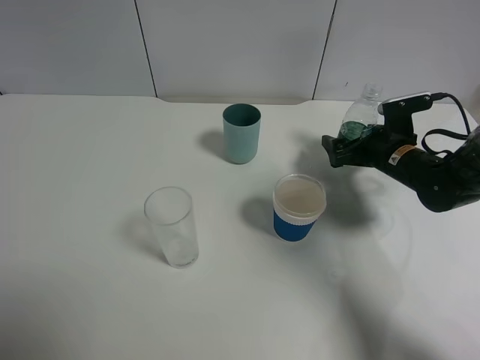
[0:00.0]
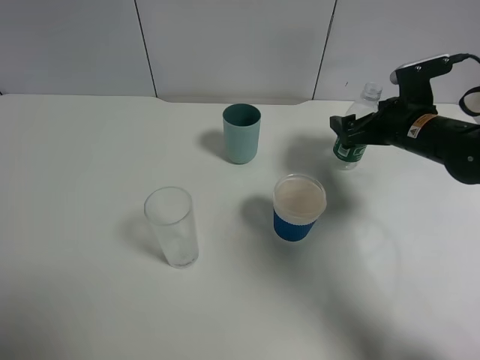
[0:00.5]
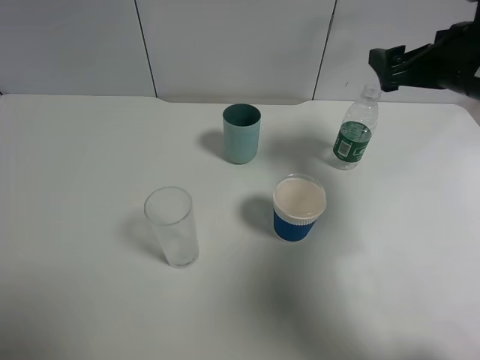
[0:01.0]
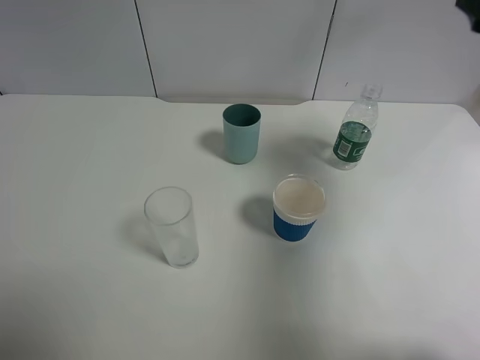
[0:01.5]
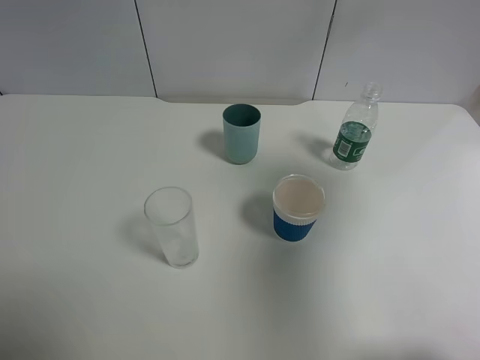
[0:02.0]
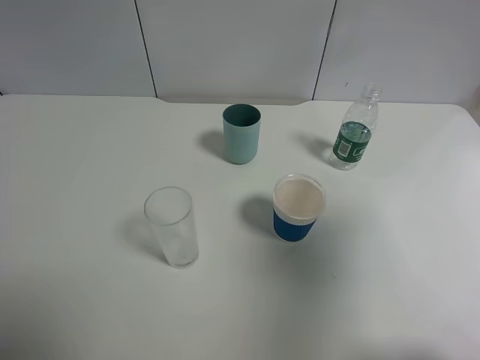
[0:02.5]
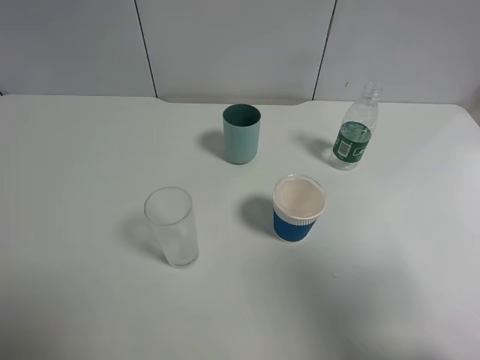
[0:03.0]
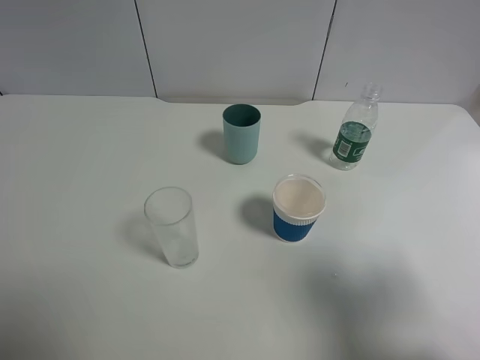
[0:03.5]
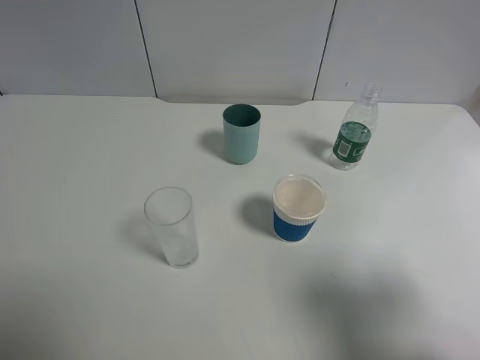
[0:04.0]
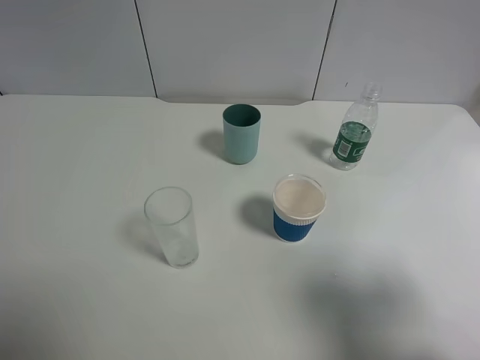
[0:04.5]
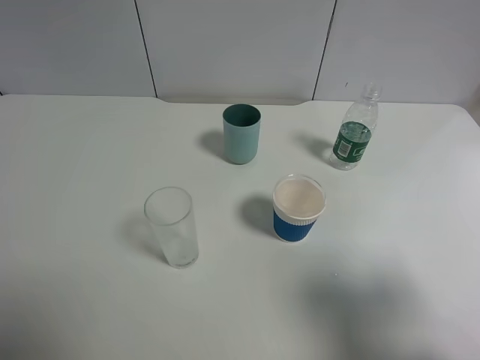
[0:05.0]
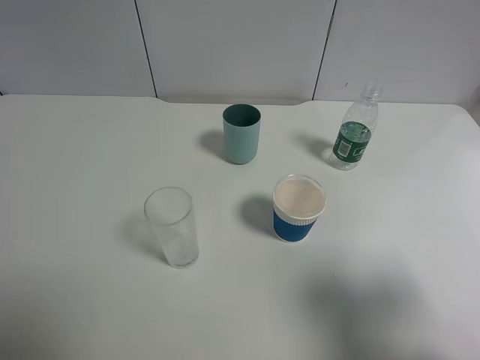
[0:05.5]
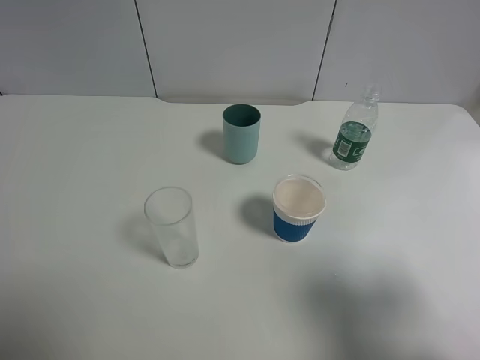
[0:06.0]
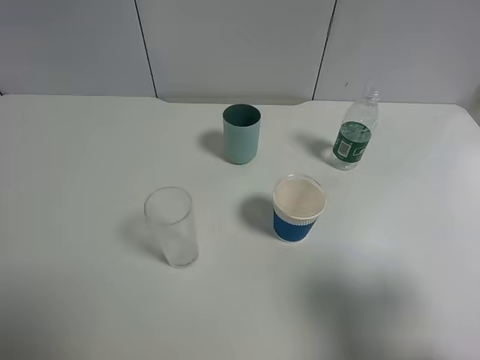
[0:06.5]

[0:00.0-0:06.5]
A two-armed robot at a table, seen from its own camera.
Task of the whole recording: use a gripper to hold the bottle of the drink and pour it into a random cup.
0:00.0 to 0:02.0: The right gripper heads upward and backward, covering approximately 40 cm.
0:02.0 to 0:04.5: The right gripper goes about 20 cm downward and backward.
0:04.5 to 0:06.5: The two grippers keep their place.

**********

Would you return the whole listing exactly, without the pictures?

OUTPUT OF THE EXERCISE |
[0:00.0]
[0:00.5]
[0:01.0]
[0:01.5]
[0:02.0]
[0:02.5]
[0:03.0]
[0:03.5]
[0:04.0]
[0:04.5]
[0:05.0]
[0:05.5]
[0:06.0]
[0:06.5]

[0:00.0-0:06.5]
A two-armed robot at a table, seen from its own camera.
Task of the whole recording: use a gripper to hold the bottle of the drink and pour it into a random cup.
0:00.0 to 0:02.0: The right gripper heads upward and backward, covering approximately 40 cm.
0:02.0 to 0:04.5: The right gripper goes about 20 cm downward and backward.
0:04.5 to 0:06.5: The two grippers keep their place.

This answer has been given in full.